First and foremost, a will is a way to make sure that your estate is handled the way you want it to be. You can leave money and property to whomever you choose and you can make arrangements for the care of your children, spouse, and other loved ones. You can ensure that the estate covers your funeral expenses or that the money is saved for your grandchildren’s college tuition. Your will is your chance to decide what happens to your property.
However, there are certain legal requirements that may override what you’ve put in your will. For example, your estate may be required to pay back your debts before distributing anything to the beneficiaries. If the estate is large enough to cover those debts, the remaining assets will be distributed according to your will. If not, the whole estate will go to your creditors. In many states, any remaining debt will simply disappear. However, California is a “community property” state, meaning that your spouse is responsible for any debts incurred after you got married.

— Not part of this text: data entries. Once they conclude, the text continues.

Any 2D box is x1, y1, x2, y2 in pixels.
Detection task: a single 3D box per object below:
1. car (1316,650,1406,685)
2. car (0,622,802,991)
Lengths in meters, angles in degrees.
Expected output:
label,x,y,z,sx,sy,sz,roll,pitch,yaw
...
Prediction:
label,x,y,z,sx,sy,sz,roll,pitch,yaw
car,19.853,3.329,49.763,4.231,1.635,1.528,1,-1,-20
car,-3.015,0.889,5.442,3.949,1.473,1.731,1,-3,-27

California law may also affect how your spouse and children are treated after your death. Because California is a “community property” state, your spouse is entitled to half of anything you earn or buy after you get married – regardless of what you put in your will. You may also be required to leave part of your estate to your ex-spouse. If you intend to disinherit your spouse, you’ll need to clearly state that in your will. You’ll also have to show either that you provided for your spouse in some other way outside of the will, that a prenuptial agreement or divorce settlement changes what your spouse is entitled to, or that your spouse has consented to being disinherited. Cal. Prob. Code §§21610, 21611. Similar restrictions apply to disinheriting your children. Cal. Prob. Code §§21620, 21621. If you want to disinherit your spouse or children in your will, you’ll need to work with an experienced attorney to determine what your options are and how best to achieve your goals.

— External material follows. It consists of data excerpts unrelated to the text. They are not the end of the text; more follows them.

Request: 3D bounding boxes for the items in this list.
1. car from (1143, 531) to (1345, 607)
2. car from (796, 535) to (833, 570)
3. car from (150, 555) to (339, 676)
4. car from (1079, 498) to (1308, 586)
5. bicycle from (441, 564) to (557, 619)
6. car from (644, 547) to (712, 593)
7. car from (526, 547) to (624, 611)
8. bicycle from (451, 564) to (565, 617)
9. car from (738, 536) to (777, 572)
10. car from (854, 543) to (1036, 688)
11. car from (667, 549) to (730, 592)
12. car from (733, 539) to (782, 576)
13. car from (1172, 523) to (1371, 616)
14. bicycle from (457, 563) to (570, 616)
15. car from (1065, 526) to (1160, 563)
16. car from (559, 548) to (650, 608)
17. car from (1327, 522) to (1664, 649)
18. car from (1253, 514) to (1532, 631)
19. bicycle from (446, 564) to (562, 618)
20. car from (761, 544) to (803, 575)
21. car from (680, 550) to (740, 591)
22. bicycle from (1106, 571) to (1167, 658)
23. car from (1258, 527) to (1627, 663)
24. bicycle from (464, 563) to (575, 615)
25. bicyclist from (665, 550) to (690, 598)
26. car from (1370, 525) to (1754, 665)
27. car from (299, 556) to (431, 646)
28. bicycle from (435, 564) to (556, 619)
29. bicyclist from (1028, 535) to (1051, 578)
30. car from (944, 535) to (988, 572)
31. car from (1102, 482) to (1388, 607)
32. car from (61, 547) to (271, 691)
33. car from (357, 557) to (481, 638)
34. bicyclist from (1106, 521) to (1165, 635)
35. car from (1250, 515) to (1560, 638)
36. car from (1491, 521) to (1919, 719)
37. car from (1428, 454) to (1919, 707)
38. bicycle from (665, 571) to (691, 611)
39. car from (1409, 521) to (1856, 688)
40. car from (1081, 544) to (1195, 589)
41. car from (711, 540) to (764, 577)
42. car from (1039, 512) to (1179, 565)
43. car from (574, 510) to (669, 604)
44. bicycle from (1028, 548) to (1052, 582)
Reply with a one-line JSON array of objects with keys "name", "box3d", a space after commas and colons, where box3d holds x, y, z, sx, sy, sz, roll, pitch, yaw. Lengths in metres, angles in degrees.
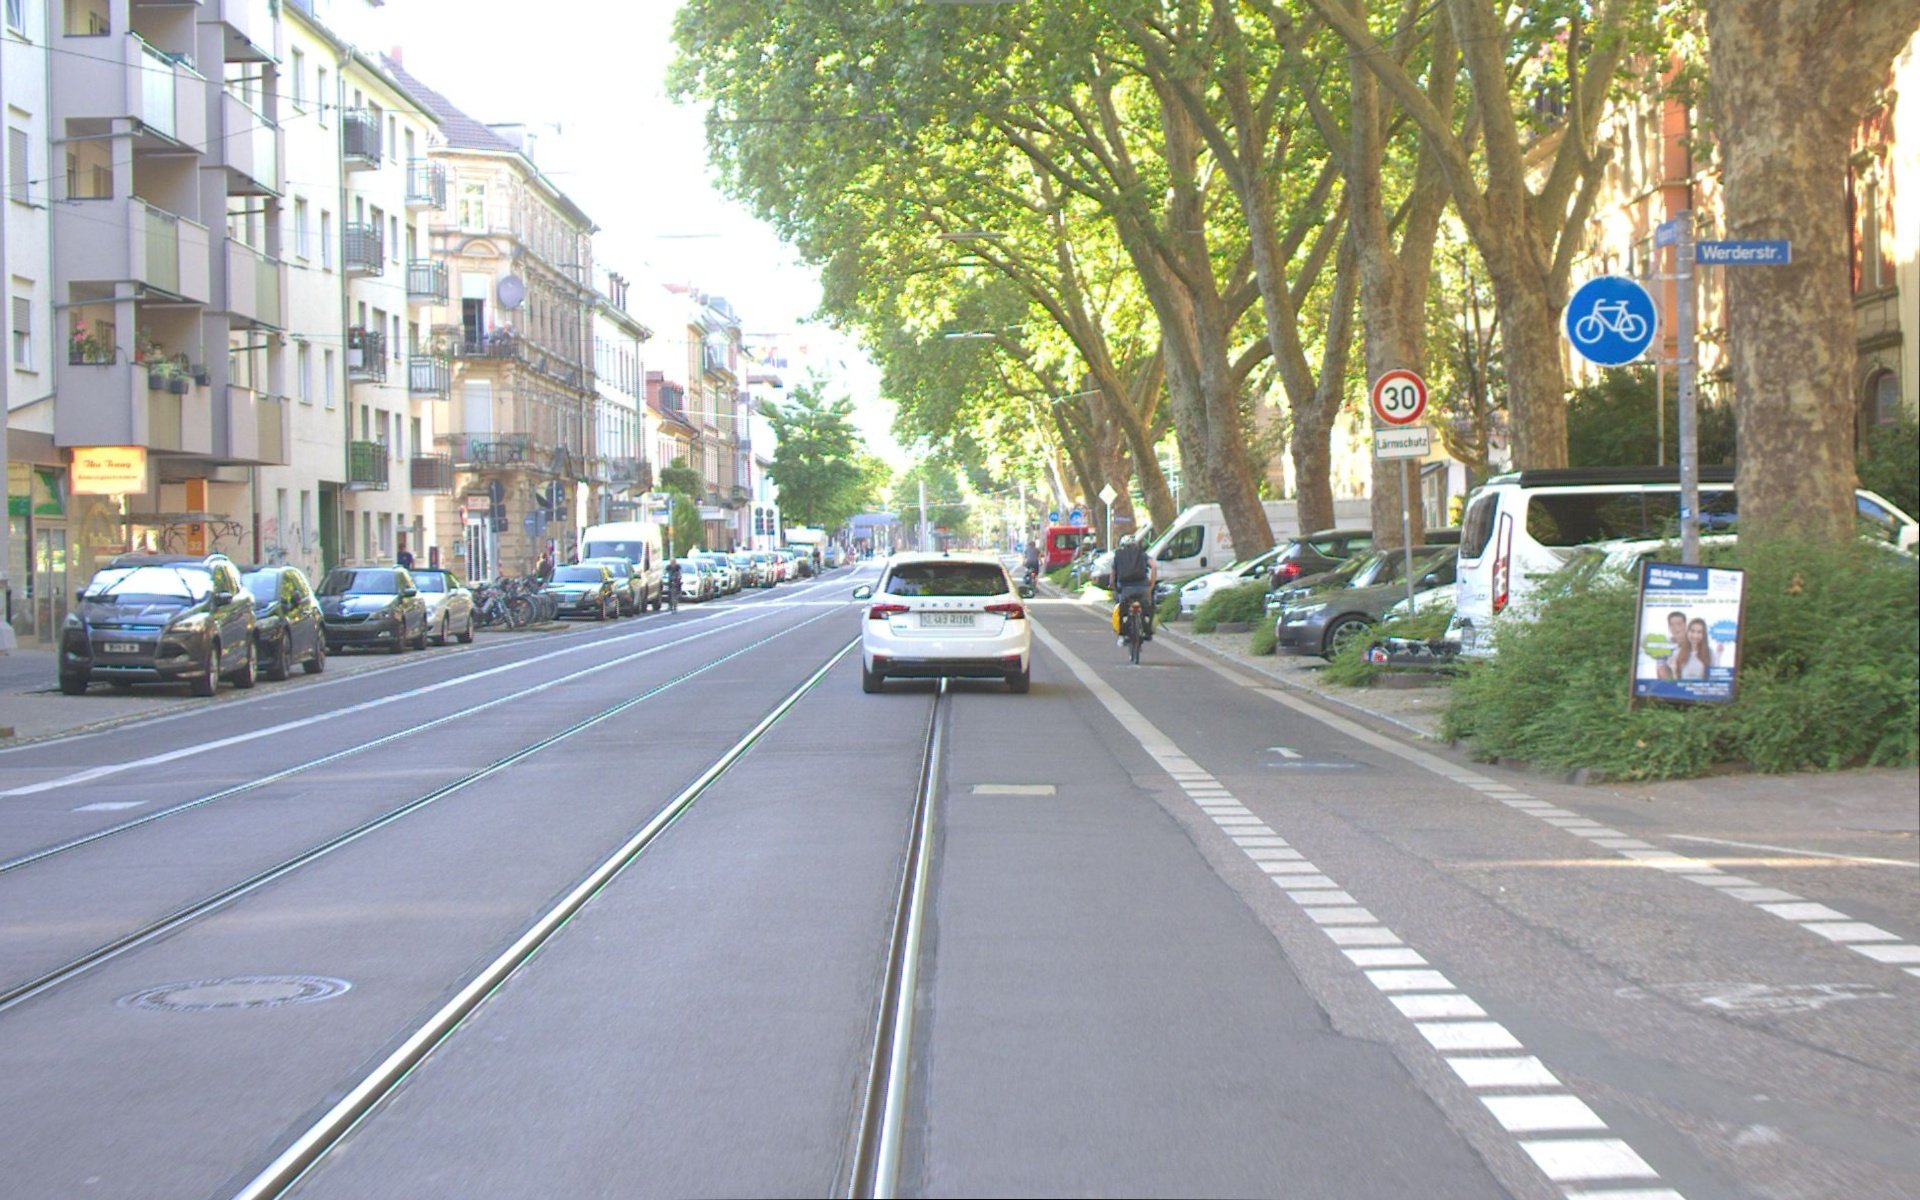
[{"name": "car", "box3d": [6.138, -0.670, 74.558, 4.048, 1.535, 2.000, -1, 1, -5]}, {"name": "car", "box3d": [-8.577, -2.788, 203.004, 1.993, 2.007, 4.000, -1, 1, 0]}, {"name": "car", "box3d": [-9.841, 0.176, 47.566, 1.702, 1.539, 4.242, 1, 1, 0]}, {"name": "car", "box3d": [6.477, -1.623, 95.999, 6.130, 2.274, 2.529, -1, 1, -1]}, {"name": "bicycle", "box3d": [-10.212, -0.186, 76.244, 2.524, 1.168, 0.719, 1, -1, -6]}, {"name": "car", "box3d": [-9.792, -1.045, 119.439, 1.993, 1.525, 4.000, -1, 1, 0]}, {"name": "car", "box3d": [-9.760, -0.557, 87.386, 1.993, 1.525, 4.000, -1, 1, 0]}, {"name": "bicycle", "box3d": [-10.253, -0.219, 78.118, 2.524, 1.168, 0.719, 1, -1, -5]}, {"name": "car", "box3d": [-11.782, -2.695, 200.556, 1.993, 2.007, 4.000, -1, 1, 0]}, {"name": "car", "box3d": [-0.137, 0.122, 35.994, 1.761, 1.379, 4.000, -2, 1, 0]}, {"name": "car", "box3d": [-9.770, -1.126, 128.593, 1.993, 1.525, 4.000, -1, 1, 0]}, {"name": "car", "box3d": [-9.146, -1.908, 155.429, 1.993, 1.634, 4.000, 0, 0, 0]}, {"name": "car", "box3d": [5.872, -0.591, 65.139, 3.634, 1.661, 1.822, -1, 1, 3]}, {"name": "bicycle", "box3d": [-10.257, -0.234, 78.968, 2.524, 1.168, 0.719, 1, -1, -5]}, {"name": "car", "box3d": [6.694, -2.449, 151.528, 4.049, 1.535, 2.000, -1, 1, 0]}, {"name": "car", "box3d": [-9.605, -0.615, 93.167, 1.993, 1.525, 4.000, -1, 1, 0]}, {"name": "car", "box3d": [6.820, -0.197, 44.048, 3.987, 1.509, 1.761, -1, 1, -1]}, {"name": "car", "box3d": [6.571, -0.431, 52.521, 3.987, 1.674, 1.723, -1, 1, -1]}, {"name": "bicycle", "box3d": [-10.227, -0.200, 77.118, 2.524, 1.168, 0.719, 1, -1, -5]}, {"name": "car", "box3d": [-9.356, -2.136, 181.260, 1.993, 1.634, 4.000, 0, 0, 0]}, {"name": "car", "box3d": [-9.689, -1.169, 133.402, 1.993, 1.525, 4.000, -1, 1, 0]}, {"name": "bicycle", "box3d": [2.275, 0.172, 44.482, 0.681, 1.067, 1.781, -2, 1, 1]}, {"name": "car", "box3d": [5.794, -0.078, 41.615, 4.142, 1.509, 1.931, -1, 1, -1]}, {"name": "bicycle", "box3d": [-10.252, -0.244, 80.022, 2.524, 1.168, 0.719, 1, -1, -6]}, {"name": "bicyclist", "box3d": [-7.680, -0.703, 93.453, 0.597, 1.281, 0.917, -2, 1, -3]}, {"name": "car", "box3d": [6.834, -0.072, 39.355, 4.036, 1.474, 1.923, -1, 1, 0]}, {"name": "car", "box3d": [-10.032, -0.008, 58.193, 1.653, 1.432, 3.837, -1, 1, -2]}, {"name": "bicycle", "box3d": [-10.181, -0.173, 75.438, 2.525, 1.168, 0.883, 1, -1, -39]}, {"name": "bicyclist", "box3d": [2.552, -1.399, 110.743, 0.649, 1.339, 0.934, -2, 1, -2]}, {"name": "car", "box3d": [0.255, -1.952, 144.442, 1.761, 1.470, 4.000, -2, 1, 0]}, {"name": "car", "box3d": [6.365, -1.257, 77.381, 6.130, 2.626, 2.529, -1, 1, -1]}, {"name": "car", "box3d": [-9.772, 0.188, 42.584, 1.702, 1.645, 4.242, 1, 1, -2]}, {"name": "car", "box3d": [-9.912, -0.069, 63.204, 1.485, 1.398, 3.990, -1, 1, 2]}, {"name": "bicyclist", "box3d": [2.261, -0.287, 44.434, 0.678, 1.438, 1.047, -2, 1, 1]}, {"name": "car", "box3d": [6.463, -0.357, 50.217, 4.234, 1.661, 1.848, -1, 1, -1]}, {"name": "car", "box3d": [6.612, 0.125, 27.819, 4.297, 1.474, 1.831, -1, 1, -1]}, {"name": "car", "box3d": [6.591, -0.193, 30.393, 4.543, 2.069, 2.001, -1, 1, -2]}, {"name": "bicycle", "box3d": [-7.670, -0.253, 93.446, 0.605, 1.067, 1.583, -2, 1, -2]}, {"name": "car", "box3d": [6.431, 0.028, 33.112, 3.897, 1.474, 1.724, -1, 1, -3]}, {"name": "car", "box3d": [6.485, -1.218, 125.481, 4.049, 1.535, 2.000, -1, 1, 0]}, {"name": "car", "box3d": [-9.615, -1.819, 148.743, 1.993, 1.525, 4.000, -1, 1, 0]}, {"name": "car", "box3d": [6.738, -2.797, 156.217, 6.130, 2.274, 2.529, -1, 1, -1]}, {"name": "car", "box3d": [-9.719, -1.242, 99.103, 2.178, 2.588, 4.949, -1, 1, 0]}, {"name": "bicycle", "box3d": [2.565, -1.120, 110.735, 0.649, 1.067, 1.583, -2, 1, -2]}]

What If I Don’t Have A Will?
If you don’t have a will, California’s “intestacy” laws will determine what happens to your estate. Generally, your spouse and children will receive the proceeds from your estate by default. If you have no spouse or children, the law will move on to your next closest relatives – parents, grandchildren, your spouse’s family, etc. The court will appoint someone to act as the executor of your estate and they’ll manage the payment of any debts and the distribution of any assets to your family members. If you have no family members by blood or marriage and no will, the state will claim your estate.
Managing Wills And Estates
When you think of estate planning, a will is probably the first thing to come to mind. It’s an important tool in your estate planning arsenal and a way to make sure that your family and loved ones are cared for. Some wills and estates are simple and a few forms are enough to manage them, but others are more complicated and require the help of an experienced California estate planning attorney. And remember – wills and estates aren’t just for retirees. Anyone can set up a simple will to direct the management of their estate in case of death, and it’s especially important if you have children or other dependents – you’ll have to choose a guardian and set up financial planning for them.
It can be uncomfortable to plan out what’s going to happen to your property after you’re gone, but thinking about it in advance and creating a will can save your family a lot of time and trouble trying to figure out what you may have wanted.